**Your objective**
Once the line with "Answer in this" is found in the entries below, repeat it and each following line exactly, up to and including the line with "name at (x, y, z)". Add no other lines.
──────────
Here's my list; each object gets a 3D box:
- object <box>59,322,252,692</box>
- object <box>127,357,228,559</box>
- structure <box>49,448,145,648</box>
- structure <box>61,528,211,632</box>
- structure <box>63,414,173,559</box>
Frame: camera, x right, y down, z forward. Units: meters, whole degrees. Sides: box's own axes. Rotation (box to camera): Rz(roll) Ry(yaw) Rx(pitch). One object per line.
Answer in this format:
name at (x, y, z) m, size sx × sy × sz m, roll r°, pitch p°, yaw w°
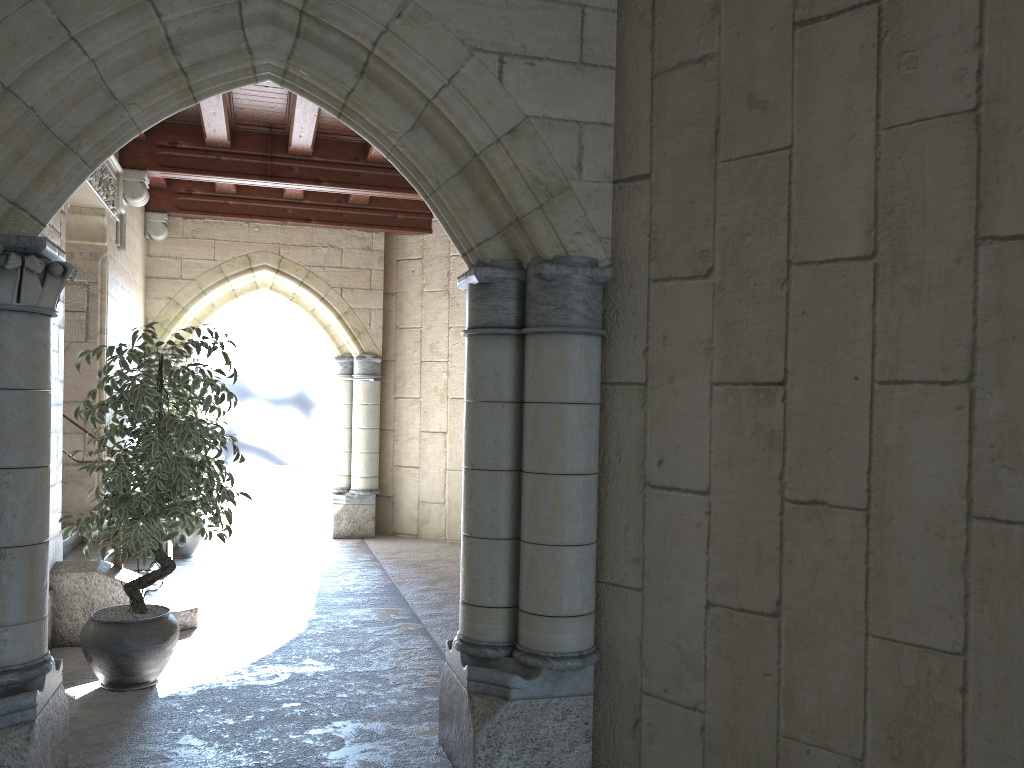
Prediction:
object at (-1.605, 0.533, 4.011) m, size 0.786 × 1.619 × 0.751 m, roll 1°, pitch 1°, yaw 15°
object at (-2.710, 0.602, 7.178) m, size 0.787 × 1.619 × 0.750 m, roll 1°, pitch 1°, yaw -20°
structure at (-2.427, 0.713, 4.704) m, size 0.888 × 1.262 × 0.476 m, roll 1°, pitch 1°, yaw -16°
structure at (-3.163, 0.939, 5.225) m, size 2.574 × 0.810 × 1.461 m, roll 2°, pitch -1°, yaw -16°
structure at (-2.811, 0.744, 6.061) m, size 0.888 × 1.262 × 0.473 m, roll 1°, pitch 1°, yaw -16°
──────────
**Answer to the problem**
Answer in this format:
name at (x, y, z) m, size sx × sy × sz m, roll r°, pitch p°, yaw w°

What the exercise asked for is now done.